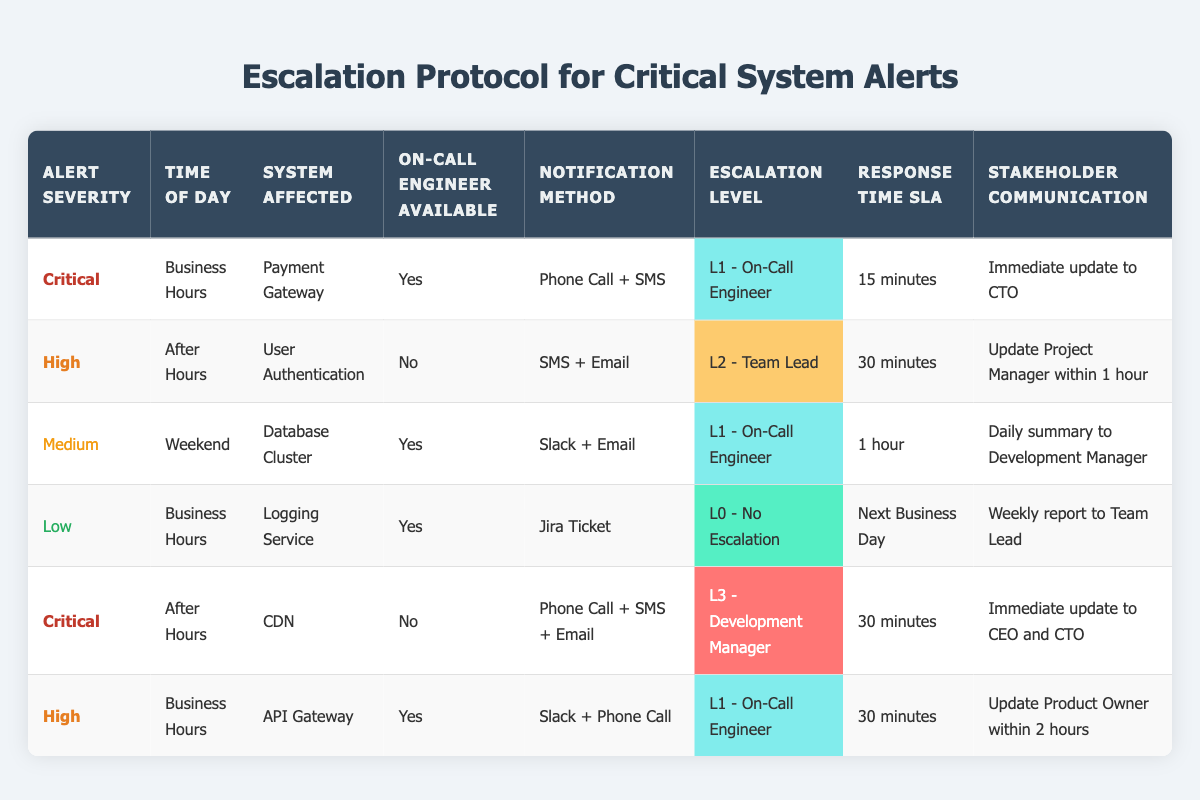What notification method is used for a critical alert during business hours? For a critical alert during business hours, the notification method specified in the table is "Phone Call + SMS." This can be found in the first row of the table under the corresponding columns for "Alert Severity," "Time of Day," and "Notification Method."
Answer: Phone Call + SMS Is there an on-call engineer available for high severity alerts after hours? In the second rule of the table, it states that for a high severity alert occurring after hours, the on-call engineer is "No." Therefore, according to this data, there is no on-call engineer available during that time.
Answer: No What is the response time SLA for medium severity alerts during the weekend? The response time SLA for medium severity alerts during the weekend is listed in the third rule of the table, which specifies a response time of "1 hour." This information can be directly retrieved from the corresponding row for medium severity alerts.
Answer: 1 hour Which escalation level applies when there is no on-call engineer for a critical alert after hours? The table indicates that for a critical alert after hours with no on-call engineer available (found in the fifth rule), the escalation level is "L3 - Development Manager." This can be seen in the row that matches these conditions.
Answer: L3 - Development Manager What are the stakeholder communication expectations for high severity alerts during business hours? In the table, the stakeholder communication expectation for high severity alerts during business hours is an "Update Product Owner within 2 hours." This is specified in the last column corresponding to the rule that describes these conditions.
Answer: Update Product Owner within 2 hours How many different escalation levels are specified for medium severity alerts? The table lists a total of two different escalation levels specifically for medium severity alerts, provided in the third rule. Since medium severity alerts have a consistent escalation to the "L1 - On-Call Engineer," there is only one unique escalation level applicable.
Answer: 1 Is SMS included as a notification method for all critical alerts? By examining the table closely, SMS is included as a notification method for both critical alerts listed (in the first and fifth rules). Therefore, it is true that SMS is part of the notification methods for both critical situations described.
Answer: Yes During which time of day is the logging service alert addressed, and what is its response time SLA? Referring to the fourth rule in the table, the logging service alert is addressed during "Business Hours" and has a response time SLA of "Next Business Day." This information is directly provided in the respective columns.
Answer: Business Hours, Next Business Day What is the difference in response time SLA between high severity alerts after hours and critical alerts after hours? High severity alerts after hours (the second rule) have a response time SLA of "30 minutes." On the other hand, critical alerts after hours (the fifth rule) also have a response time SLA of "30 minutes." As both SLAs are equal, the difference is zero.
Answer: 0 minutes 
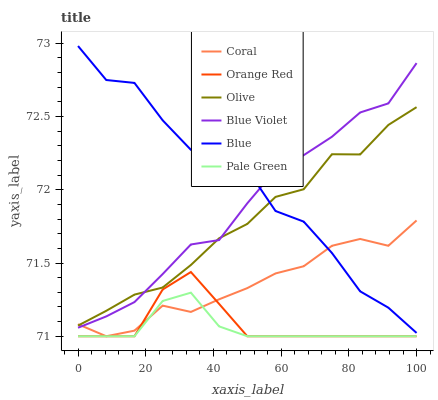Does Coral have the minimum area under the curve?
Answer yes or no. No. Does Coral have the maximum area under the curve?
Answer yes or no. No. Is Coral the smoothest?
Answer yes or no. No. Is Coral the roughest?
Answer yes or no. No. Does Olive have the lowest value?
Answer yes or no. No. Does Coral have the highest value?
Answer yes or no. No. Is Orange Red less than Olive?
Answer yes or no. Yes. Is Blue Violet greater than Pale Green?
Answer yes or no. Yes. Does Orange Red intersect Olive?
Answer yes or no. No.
------------------------------------
» **EXERCISE DESCRIPTION**
Each line above with the string "Orange" should be reported in full.

» **SOLUTION FOR THIS TASK**
Answer yes or no. No. Is Orange Red less than Olive?
Answer yes or no. Yes. Does Orange Red intersect Olive?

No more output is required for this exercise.